One-third of multiple sclerosis (MS) patients in a Canadian study report a need for mental health care, with symptoms of anxiety and depression — but not current diagnosed mental health disorders — identified as predominant factors.
The study, “Factors associated with perceived need for mental health care in multiple sclerosis,” was published in the journal Multiple Sclerosis and Related Disorders.
MS patients tend to have several comorbidities — the simultaneous presence of two or more chronic conditions — with depression and anxiety among the most common.
While estimates vary, studies have reported that the rate of depression in MS patients can be as high as 50% and anxiety as high as 35%. The presence of these two comorbidities is associated with worse long-term outcomes, such as a lower quality of life and progression of disability.
Many people may not meet the criteria for a formal diagnosis of either depression or anxiety, but they might still perceive a need for mental health care.
Not much is known about the rate of perceived need for mental health care in MS patients. However, this is important given the high prevalence of depression and anxiety in MS and the associated effects on outcomes.
Canadian researchers recruited 255 participants with neurologist-confirmed diagnoses of MS (mainly relapsing-remitting MS), who were part of a larger study assessing psychiatric comorbidities in patients with chronic immune-inflammatory diseases, from a specialized MS care clinic.
Participants underwent cognitive and physical assessments, completed self-administered questionnaires, and were evaluated for psychiatric status.
They were also told to complete a hospital anxiety and depression scale to assess severity of depression and anxiety symptoms, and reported whether they perceived a need for mental health care.

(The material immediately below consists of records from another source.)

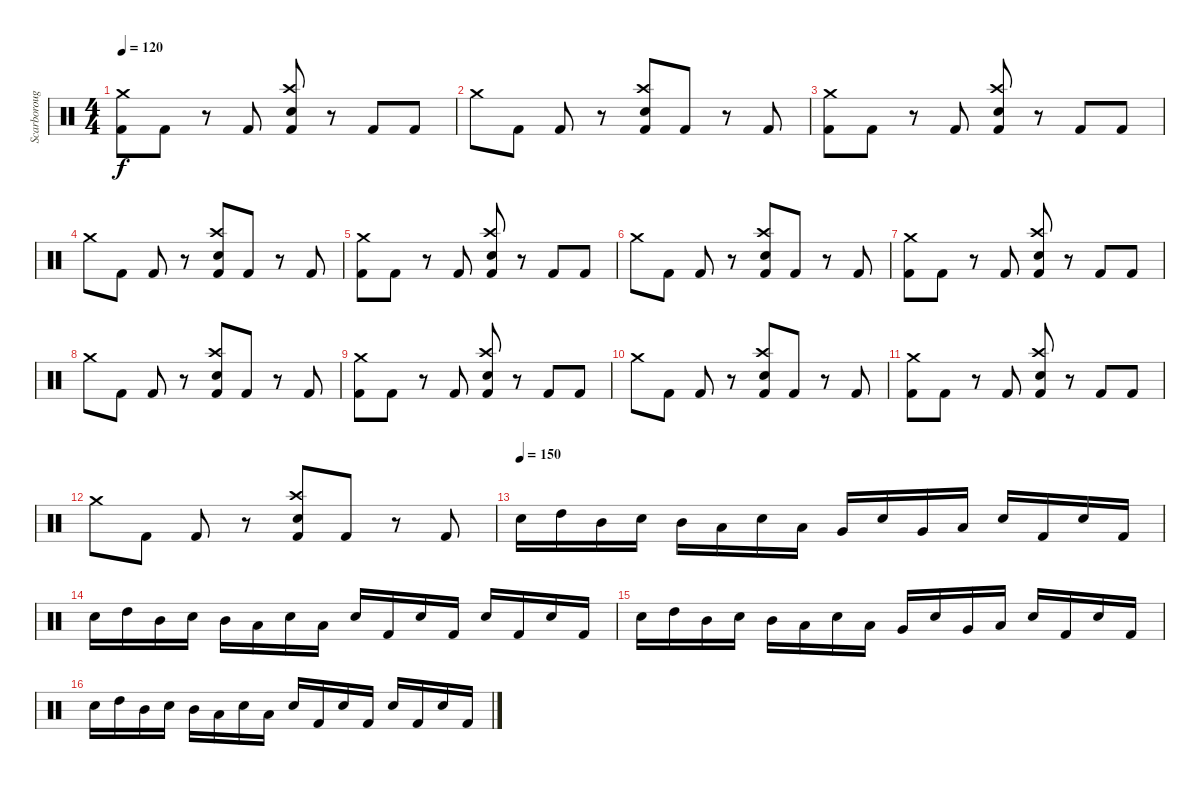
\track ("Scarborough" "Scarboroug") {instrument percussion}
\staff {score}
\articulation defaults
\ts (4 4)
\tempo 120
\clef neutral
\ks c
("Crash medium (hit)" "Kick (hit) 2").8{dy f} "Kick (hit) 2".8 r.8 "Kick (hit) 2".8 ("Crash high (hit)" "Kick (hit) 2" "Snare (hit) 2").8 r.8 "Kick (hit) 2".8 "Kick (hit) 2".8 |
"Crash medium (hit)".8 "Kick (hit) 2".8 "Kick (hit) 2".8 r.8 ("Crash high (hit)" "Kick (hit) 2" "Snare (hit) 2").8 "Kick (hit) 2".8 r.8 "Kick (hit) 2".8 |
("Crash medium (hit)" "Kick (hit) 2").8 "Kick (hit) 2".8 r.8 "Kick (hit) 2".8 ("Crash high (hit)" "Kick (hit) 2" "Snare (hit) 2").8 r.8 "Kick (hit) 2".8 "Kick (hit) 2".8 |
"Crash medium (hit)".8 "Kick (hit) 2".8 "Kick (hit) 2".8 r.8 ("Crash high (hit)" "Kick (hit) 2" "Snare (hit) 2").8 "Kick (hit) 2".8 r.8 "Kick (hit) 2".8 |
("Crash medium (hit)" "Kick (hit) 2").8 "Kick (hit) 2".8 r.8 "Kick (hit) 2".8 ("Crash high (hit)" "Kick (hit) 2" "Snare (hit) 2").8 r.8 "Kick (hit) 2".8 "Kick (hit) 2".8 |
"Crash medium (hit)".8 "Kick (hit) 2".8 "Kick (hit) 2".8 r.8 ("Crash high (hit)" "Kick (hit) 2" "Snare (hit) 2").8 "Kick (hit) 2".8 r.8 "Kick (hit) 2".8 |
("Crash medium (hit)" "Kick (hit) 2").8 "Kick (hit) 2".8 r.8 "Kick (hit) 2".8 ("Crash high (hit)" "Kick (hit) 2" "Snare (hit) 2").8 r.8 "Kick (hit) 2".8 "Kick (hit) 2".8 |
"Crash medium (hit)".8 "Kick (hit) 2".8 "Kick (hit) 2".8 r.8 ("Crash high (hit)" "Kick (hit) 2" "Snare (hit) 2").8 "Kick (hit) 2".8 r.8 "Kick (hit) 2".8 |
("Crash medium (hit)" "Kick (hit) 2").8 "Kick (hit) 2".8 r.8 "Kick (hit) 2".8 ("Crash high (hit)" "Kick (hit) 2" "Snare (hit) 2").8 r.8 "Kick (hit) 2".8 "Kick (hit) 2".8 |
"Crash medium (hit)".8 "Kick (hit) 2".8 "Kick (hit) 2".8 r.8 ("Crash high (hit)" "Kick (hit) 2" "Snare (hit) 2").8 "Kick (hit) 2".8 r.8 "Kick (hit) 2".8 |
("Crash medium (hit)" "Kick (hit) 2").8 "Kick (hit) 2".8 r.8 "Kick (hit) 2".8 ("Crash high (hit)" "Kick (hit) 2" "Snare (hit) 2").8 r.8 "Kick (hit) 2".8 "Kick (hit) 2".8 |
"Crash medium (hit)".8 "Kick (hit) 2".8 "Kick (hit) 2".8 r.8 ("Crash high (hit)" "Kick (hit) 2" "Snare (hit) 2").8 "Kick (hit) 2".8 r.8 "Kick (hit) 2".8 |
\tempo (150)
"Snare (hit) 2".16 "High Tom (hit)".16 "Mid Tom (hit)".16 "Snare (hit) 2".16 "Mid Tom (hit)".16 "Low Tom (hit)".16 "Snare (hit) 2".16 "Low Tom (hit)".16 "Very Low Tom (hit)".16 "Snare (hit) 2".16 "Very Low Tom (hit)".16 "Low Floor Tom (hit)".16 "Snare (hit) 2".16 "Kick (hit) 2".16 "Snare (hit) 2".16 "Kick (hit) 2".16 |
"Snare (hit) 2".16 "High Tom (hit)".16 "Mid Tom (hit)".16 "Snare (hit) 2".16 "Mid Tom (hit)".16 "Low Tom (hit)".16 "Snare (hit) 2".16 "Low Tom (hit)".16 "Snare (hit) 2".16 "Kick (hit) 2".16 "Snare (hit) 2".16 "Kick (hit) 2".16 "Snare (hit) 2".16 "Kick (hit) 2".16 "Snare (hit) 2".16 "Kick (hit) 2".16 |
"Snare (hit) 2".16 "High Tom (hit)".16 "Mid Tom (hit)".16 "Snare (hit) 2".16 "Mid Tom (hit)".16 "Low Tom (hit)".16 "Snare (hit) 2".16 "Low Tom (hit)".16 "Very Low Tom (hit)".16 "Snare (hit) 2".16 "Very Low Tom (hit)".16 "Low Floor Tom (hit)".16 "Snare (hit) 2".16 "Kick (hit) 2".16 "Snare (hit) 2".16 "Kick (hit) 2".16 |
"Snare (hit) 2".16 "High Tom (hit)".16 "Mid Tom (hit)".16 "Snare (hit) 2".16 "Mid Tom (hit)".16 "Low Tom (hit)".16 "Snare (hit) 2".16 "Low Tom (hit)".16 "Snare (hit) 2".16 "Kick (hit) 2".16 "Snare (hit) 2".16 "Kick (hit) 2".16 "Snare (hit) 2".16 "Kick (hit) 2".16 "Snare (hit) 2".16 "Kick (hit) 2".16
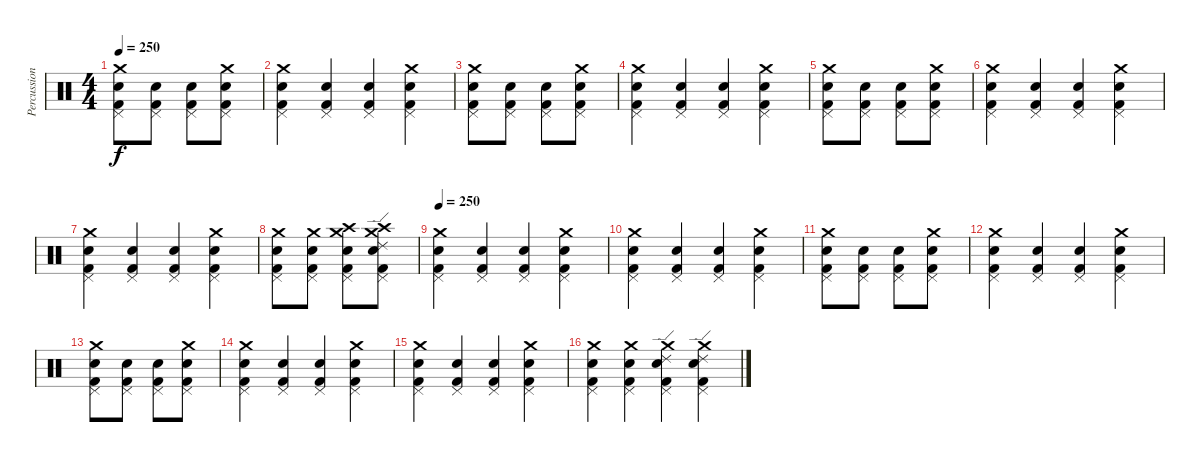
\track ("Percussion" "Percussion") {instrument percussion}
\staff {score}
\articulation defaults
\ts (4 4)
\tempo 250
\clef neutral
\ks c
("Crash medium (hit)" "Pedal Hi-Hat (hit)" "Snare (hit) 2" "Kick (hit) 2").8{dy f} ("Pedal Hi-Hat (hit)" "Snare (hit) 2" "Kick (hit) 2").8 ("Pedal Hi-Hat (hit)" "Snare (hit) 2" "Kick (hit) 2").8 ("Crash medium (hit)" "Pedal Hi-Hat (hit)" "Snare (hit) 2" "Kick (hit) 2").8 |
("Crash medium (hit)" "Pedal Hi-Hat (hit)" "Snare (hit) 2" "Kick (hit) 2").4 ("Pedal Hi-Hat (hit)" "Snare (hit) 2" "Kick (hit) 2").4 ("Pedal Hi-Hat (hit)" "Snare (hit) 2" "Kick (hit) 2").4 ("Crash medium (hit)" "Pedal Hi-Hat (hit)" "Snare (hit) 2" "Kick (hit) 2").4 |
("Crash medium (hit)" "Pedal Hi-Hat (hit)" "Snare (hit) 2" "Kick (hit) 2").8 ("Pedal Hi-Hat (hit)" "Snare (hit) 2" "Kick (hit) 2").8 ("Pedal Hi-Hat (hit)" "Snare (hit) 2" "Kick (hit) 2").8 ("Crash medium (hit)" "Pedal Hi-Hat (hit)" "Snare (hit) 2" "Kick (hit) 2").8 |
("Crash medium (hit)" "Pedal Hi-Hat (hit)" "Snare (hit) 2" "Kick (hit) 2").4 ("Pedal Hi-Hat (hit)" "Snare (hit) 2" "Kick (hit) 2").4 ("Pedal Hi-Hat (hit)" "Snare (hit) 2" "Kick (hit) 2").4 ("Crash medium (hit)" "Pedal Hi-Hat (hit)" "Snare (hit) 2" "Kick (hit) 2").4 |
("Crash medium (hit)" "Pedal Hi-Hat (hit)" "Snare (hit) 2" "Kick (hit) 2").8 ("Pedal Hi-Hat (hit)" "Snare (hit) 2" "Kick (hit) 2").8 ("Pedal Hi-Hat (hit)" "Snare (hit) 2" "Kick (hit) 2").8 ("Crash medium (hit)" "Pedal Hi-Hat (hit)" "Snare (hit) 2" "Kick (hit) 2").8 |
("Crash medium (hit)" "Pedal Hi-Hat (hit)" "Snare (hit) 2" "Kick (hit) 2").4 ("Pedal Hi-Hat (hit)" "Snare (hit) 2" "Kick (hit) 2").4 ("Pedal Hi-Hat (hit)" "Snare (hit) 2" "Kick (hit) 2").4 ("Crash medium (hit)" "Pedal Hi-Hat (hit)" "Snare (hit) 2" "Kick (hit) 2").4 |
("Crash medium (hit)" "Pedal Hi-Hat (hit)" "Snare (hit) 2" "Kick (hit) 2").4 ("Pedal Hi-Hat (hit)" "Snare (hit) 2" "Kick (hit) 2").4 ("Pedal Hi-Hat (hit)" "Snare (hit) 2" "Kick (hit) 2").4 ("Crash medium (hit)" "Pedal Hi-Hat (hit)" "Snare (hit) 2" "Kick (hit) 2").4 |
("Crash medium (hit)" "Pedal Hi-Hat (hit)" "Snare (hit) 2" "Kick (hit) 2").8 ("Crash medium (hit)" "Pedal Hi-Hat (hit)" "Snare (hit) 2" "Kick (hit) 2").8 ("Crash medium (hit)" "Pedal Hi-Hat (hit)" "Snare (hit) 2" "Crash high (hit)" "Kick (hit) 2").8 ("Ride (edge) 2" "Crash medium (hit)" "Pedal Hi-Hat (hit)" "Snare (hit) 2" "Crash high (hit)" "Kick (hit) 2").8 |
\tempo 250
("Crash medium (hit)" "Pedal Hi-Hat (hit)" "Snare (hit) 2" "Kick (hit) 2").4 ("Pedal Hi-Hat (hit)" "Snare (hit) 2" "Kick (hit) 2").4 ("Pedal Hi-Hat (hit)" "Snare (hit) 2" "Kick (hit) 2").4 ("Crash medium (hit)" "Pedal Hi-Hat (hit)" "Snare (hit) 2" "Kick (hit) 2").4 |
("Crash medium (hit)" "Pedal Hi-Hat (hit)" "Snare (hit) 2" "Kick (hit) 2").4 ("Pedal Hi-Hat (hit)" "Snare (hit) 2" "Kick (hit) 2").4 ("Pedal Hi-Hat (hit)" "Snare (hit) 2" "Kick (hit) 2").4 ("Crash medium (hit)" "Pedal Hi-Hat (hit)" "Snare (hit) 2" "Kick (hit) 2").4 |
("Crash medium (hit)" "Pedal Hi-Hat (hit)" "Snare (hit) 2" "Kick (hit) 2").8 ("Pedal Hi-Hat (hit)" "Snare (hit) 2" "Kick (hit) 2").8 ("Pedal Hi-Hat (hit)" "Snare (hit) 2" "Kick (hit) 2").8 ("Crash medium (hit)" "Pedal Hi-Hat (hit)" "Snare (hit) 2" "Kick (hit) 2").8 |
("Crash medium (hit)" "Pedal Hi-Hat (hit)" "Snare (hit) 2" "Kick (hit) 2").4 ("Pedal Hi-Hat (hit)" "Snare (hit) 2" "Kick (hit) 2").4 ("Pedal Hi-Hat (hit)" "Snare (hit) 2" "Kick (hit) 2").4 ("Crash medium (hit)" "Pedal Hi-Hat (hit)" "Snare (hit) 2" "Kick (hit) 2").4 |
("Crash medium (hit)" "Pedal Hi-Hat (hit)" "Snare (hit) 2" "Kick (hit) 2").8 ("Pedal Hi-Hat (hit)" "Snare (hit) 2" "Kick (hit) 2").8 ("Pedal Hi-Hat (hit)" "Snare (hit) 2" "Kick (hit) 2").8 ("Crash medium (hit)" "Pedal Hi-Hat (hit)" "Snare (hit) 2" "Kick (hit) 2").8 |
("Crash medium (hit)" "Pedal Hi-Hat (hit)" "Snare (hit) 2" "Kick (hit) 2").4 ("Pedal Hi-Hat (hit)" "Snare (hit) 2" "Kick (hit) 2").4 ("Pedal Hi-Hat (hit)" "Snare (hit) 2" "Kick (hit) 2").4 ("Crash medium (hit)" "Pedal Hi-Hat (hit)" "Snare (hit) 2" "Kick (hit) 2").4 |
("Crash medium (hit)" "Pedal Hi-Hat (hit)" "Snare (hit) 2" "Kick (hit) 2").4 ("Pedal Hi-Hat (hit)" "Snare (hit) 2" "Kick (hit) 2").4 ("Pedal Hi-Hat (hit)" "Snare (hit) 2" "Kick (hit) 2").4 ("Crash medium (hit)" "Pedal Hi-Hat (hit)" "Snare (hit) 2" "Kick (hit) 2").4 |
("Crash medium (hit)" "Pedal Hi-Hat (hit)" "Snare (hit) 2" "Kick (hit) 2").4 ("Crash medium (hit)" "Pedal Hi-Hat (hit)" "Snare (hit) 2" "Kick (hit) 2").4 ("Ride (edge) 2" "Crash medium (hit)" "Pedal Hi-Hat (hit)" "Snare (hit) 2" "Kick (hit) 2").4 ("Ride (edge) 2" "Crash medium (hit)" "Pedal Hi-Hat (hit)" "Snare (hit) 2" "Kick (hit) 2").4

Almost one-quarter of participants (22.7%) had a current diagnosis of depression or anxiety. However, 31.8% reported a need for mental health care, highlighting the discrepancy between diagnosis and the perceived need for care.
Patients who identified a need for mental health care were slightly younger and had an earlier age of MS symptom onset than those who did not report a need. However, all other sociodemographic characteristics were similar.
Statistical analysis showed that the likelihood of reporting a need for mental health care was 2.36-fold higher in those with increased symptoms of depression and 6.08-fold higher in those with more anxiety symptoms.
“Symptoms of anxiety and depression, but not current diagnosed mental health disorders, were the predominant factors associated with a perceived need for [mental health] care,” the researchers wrote.
The high perceived need for mental health care, even among patients who were currently being treated, suggests that treatment may be inadequate in some way, and that these patients might need more support, family interventions, or other care.
“This need for treatment identified by individuals with elevated symptoms, in the absence of meeting formal criteria for a diagnosis of a psychiatric disorder, suggests that such symptoms are clinically relevant,” they said.
The authors believe that “incorporating validated screening tools for these symptoms into practice along with a question regarding need for mental health care may assist health care providers in better meeting the mental health needs of people with MS.”